PROBLEM REQUIREMENTS
Within the entries below, the lines from the one with "list Ajax and" through the one with "list Workflow implementation" are to be set down exactly, both ends kept.
*** Opening DATA FOR REVIEW ***
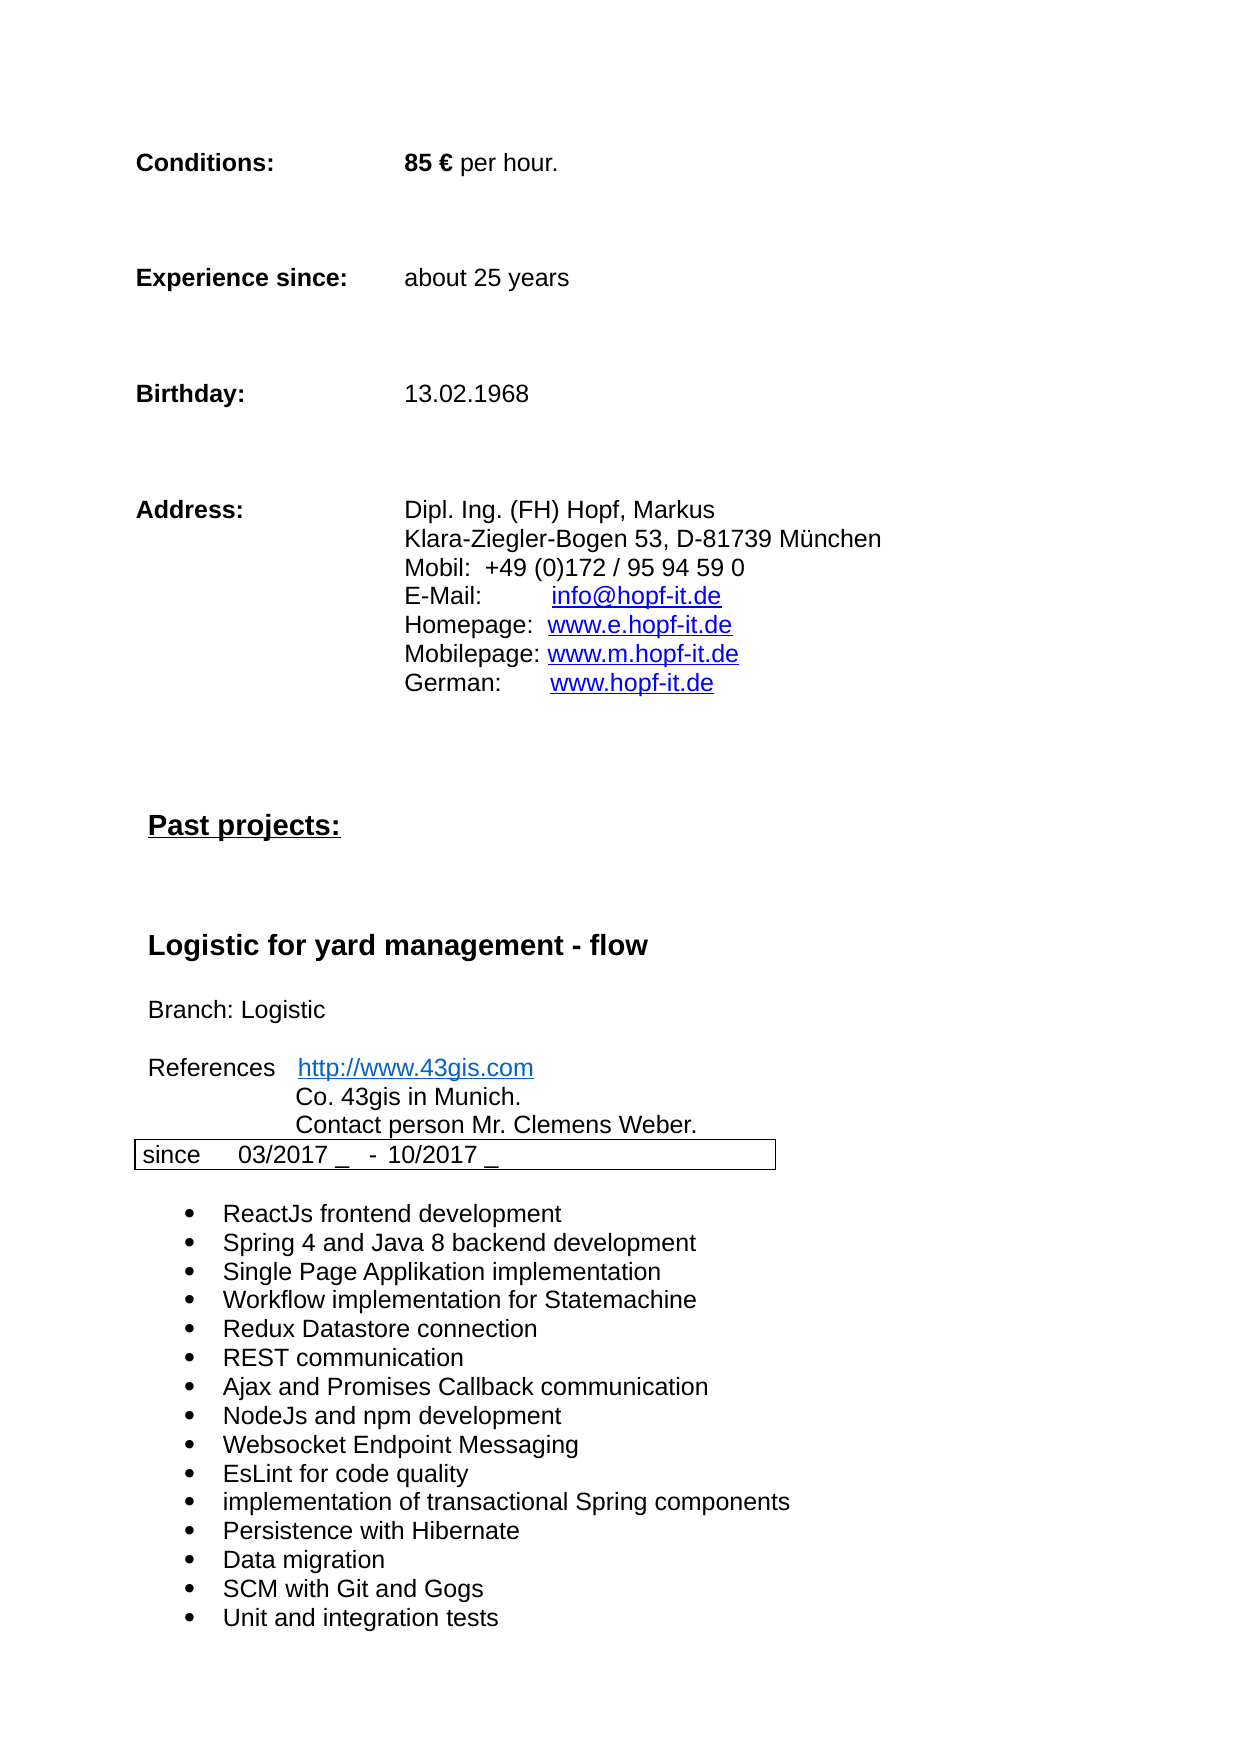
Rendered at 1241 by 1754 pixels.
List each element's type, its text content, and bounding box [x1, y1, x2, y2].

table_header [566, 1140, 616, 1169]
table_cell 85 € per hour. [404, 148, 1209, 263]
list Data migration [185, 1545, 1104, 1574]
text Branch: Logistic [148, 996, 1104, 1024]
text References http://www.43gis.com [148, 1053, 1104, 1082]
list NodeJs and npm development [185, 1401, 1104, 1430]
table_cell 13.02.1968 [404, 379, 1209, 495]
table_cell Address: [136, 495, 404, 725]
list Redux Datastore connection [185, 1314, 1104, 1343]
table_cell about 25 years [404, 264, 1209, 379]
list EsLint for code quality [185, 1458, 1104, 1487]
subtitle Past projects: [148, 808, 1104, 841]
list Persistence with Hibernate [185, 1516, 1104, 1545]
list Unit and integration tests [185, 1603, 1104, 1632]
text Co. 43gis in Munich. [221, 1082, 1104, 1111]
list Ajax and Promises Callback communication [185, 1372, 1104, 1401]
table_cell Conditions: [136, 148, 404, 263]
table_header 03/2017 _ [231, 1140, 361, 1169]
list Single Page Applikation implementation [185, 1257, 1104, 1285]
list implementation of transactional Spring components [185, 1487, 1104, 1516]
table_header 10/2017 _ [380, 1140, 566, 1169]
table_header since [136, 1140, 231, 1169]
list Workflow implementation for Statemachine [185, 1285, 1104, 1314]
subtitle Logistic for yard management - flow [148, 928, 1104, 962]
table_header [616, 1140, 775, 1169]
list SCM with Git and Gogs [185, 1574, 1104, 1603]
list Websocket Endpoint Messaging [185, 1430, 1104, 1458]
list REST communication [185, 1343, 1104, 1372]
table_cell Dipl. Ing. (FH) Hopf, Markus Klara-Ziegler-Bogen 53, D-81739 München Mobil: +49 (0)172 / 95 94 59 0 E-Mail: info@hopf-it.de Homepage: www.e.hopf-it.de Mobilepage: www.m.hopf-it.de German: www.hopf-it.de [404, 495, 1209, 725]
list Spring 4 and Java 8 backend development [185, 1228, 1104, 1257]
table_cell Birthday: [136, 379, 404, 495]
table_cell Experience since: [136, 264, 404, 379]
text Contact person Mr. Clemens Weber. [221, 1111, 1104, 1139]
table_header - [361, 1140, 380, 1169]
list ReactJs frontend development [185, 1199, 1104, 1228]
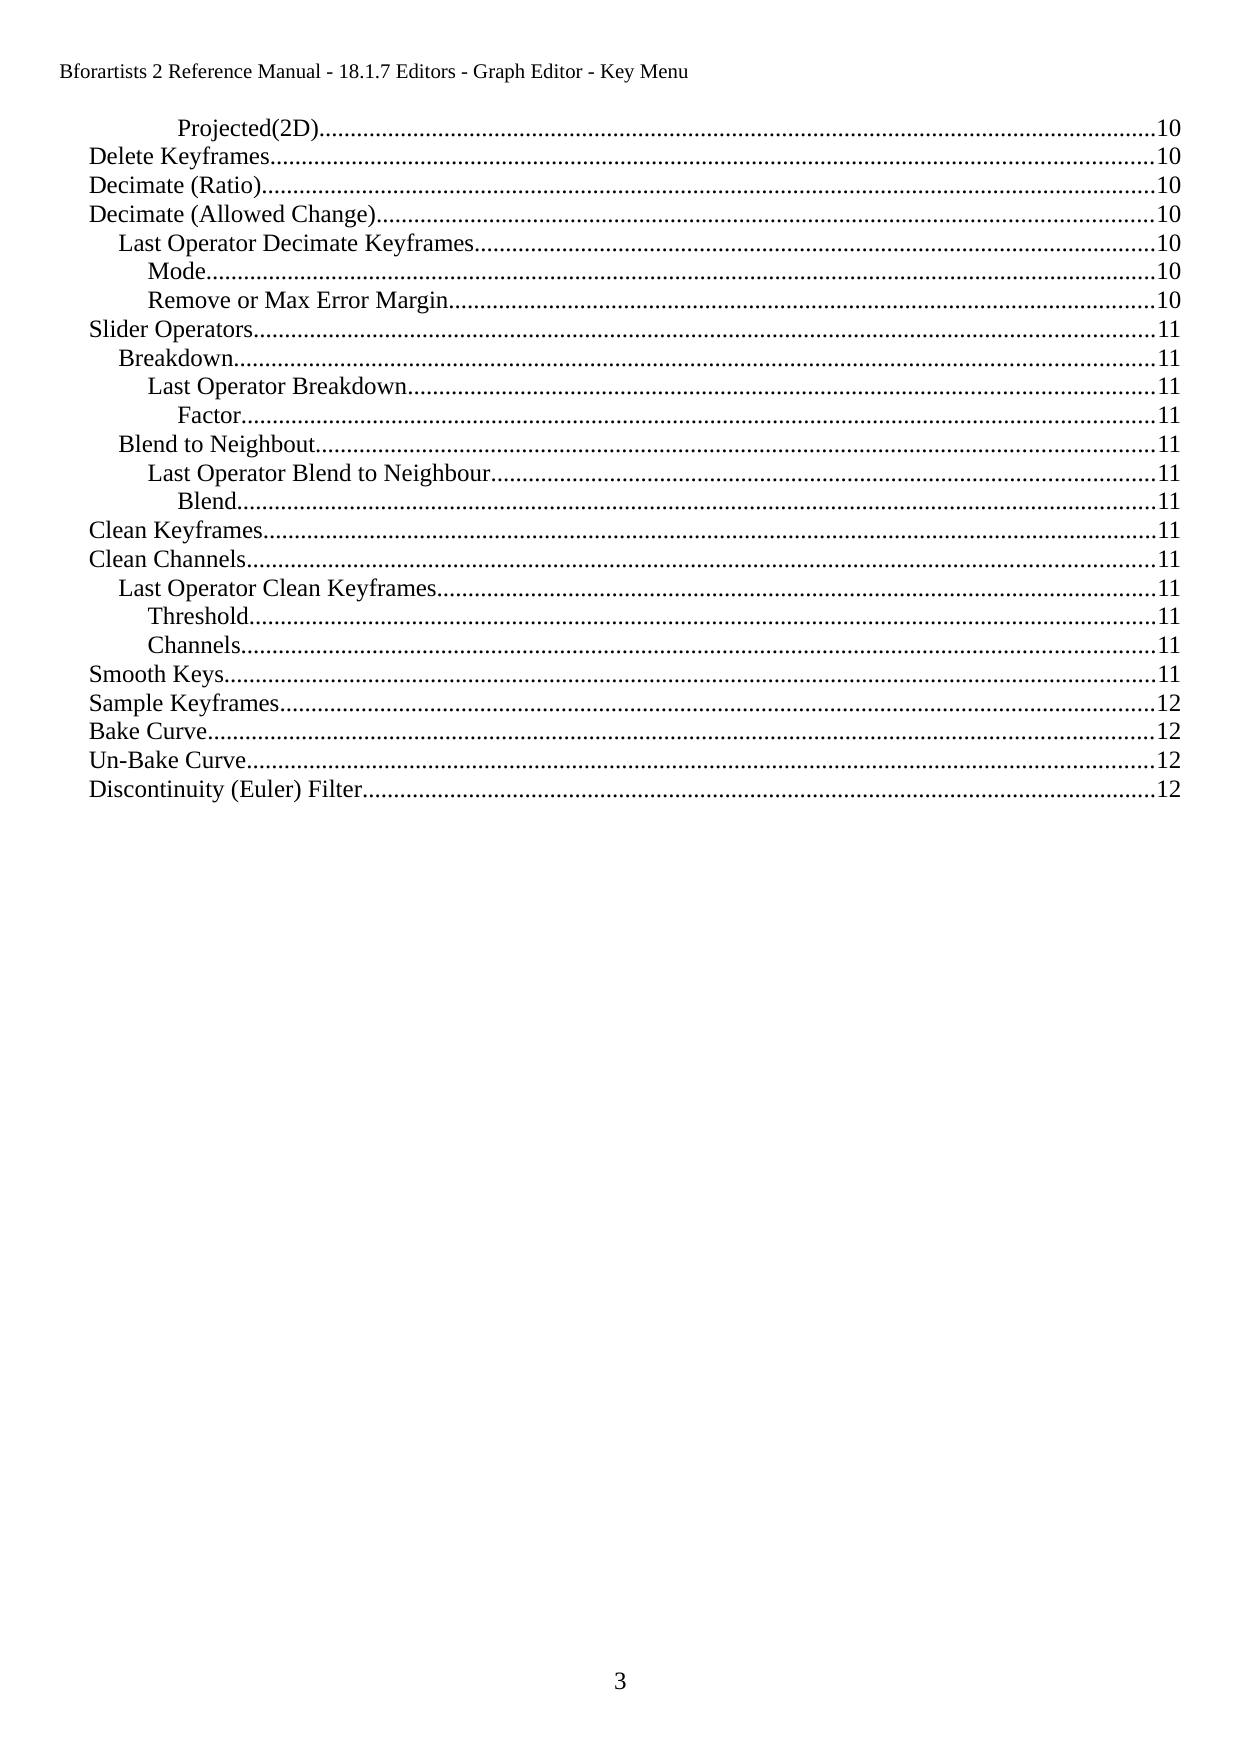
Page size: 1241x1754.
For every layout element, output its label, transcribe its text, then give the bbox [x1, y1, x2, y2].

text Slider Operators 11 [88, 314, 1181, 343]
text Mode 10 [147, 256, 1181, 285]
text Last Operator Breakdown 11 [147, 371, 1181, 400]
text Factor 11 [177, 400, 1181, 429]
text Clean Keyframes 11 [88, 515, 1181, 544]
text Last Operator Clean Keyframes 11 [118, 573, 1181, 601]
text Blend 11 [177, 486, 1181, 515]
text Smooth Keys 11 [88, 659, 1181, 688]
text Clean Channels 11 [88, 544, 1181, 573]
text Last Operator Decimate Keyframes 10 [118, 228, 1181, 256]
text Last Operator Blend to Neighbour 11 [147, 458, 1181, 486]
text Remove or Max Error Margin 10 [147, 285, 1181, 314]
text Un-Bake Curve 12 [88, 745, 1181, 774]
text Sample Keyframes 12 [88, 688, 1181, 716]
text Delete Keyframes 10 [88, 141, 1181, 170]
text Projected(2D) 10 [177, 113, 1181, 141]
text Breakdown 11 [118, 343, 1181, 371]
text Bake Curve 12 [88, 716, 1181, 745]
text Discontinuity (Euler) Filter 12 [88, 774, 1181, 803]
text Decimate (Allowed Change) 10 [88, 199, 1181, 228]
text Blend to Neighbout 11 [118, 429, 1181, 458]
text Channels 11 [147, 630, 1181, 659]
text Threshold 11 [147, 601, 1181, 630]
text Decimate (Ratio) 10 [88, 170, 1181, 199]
*** Closing DATA FOR REVIEW ***
SOLUTION TO THIS PROBLEM
list Ajax and Promises Callback communication [185, 1372, 1104, 1401]
table_cell Conditions: [136, 148, 404, 263]
table_header 03/2017 _ [231, 1140, 361, 1169]
list Single Page Applikation implementation [185, 1257, 1104, 1285]
list implementation of transactional Spring components [185, 1487, 1104, 1516]
table_header 10/2017 _ [380, 1140, 566, 1169]
table_header since [136, 1140, 231, 1169]
list Workflow implementation for Statemachine [185, 1285, 1104, 1314]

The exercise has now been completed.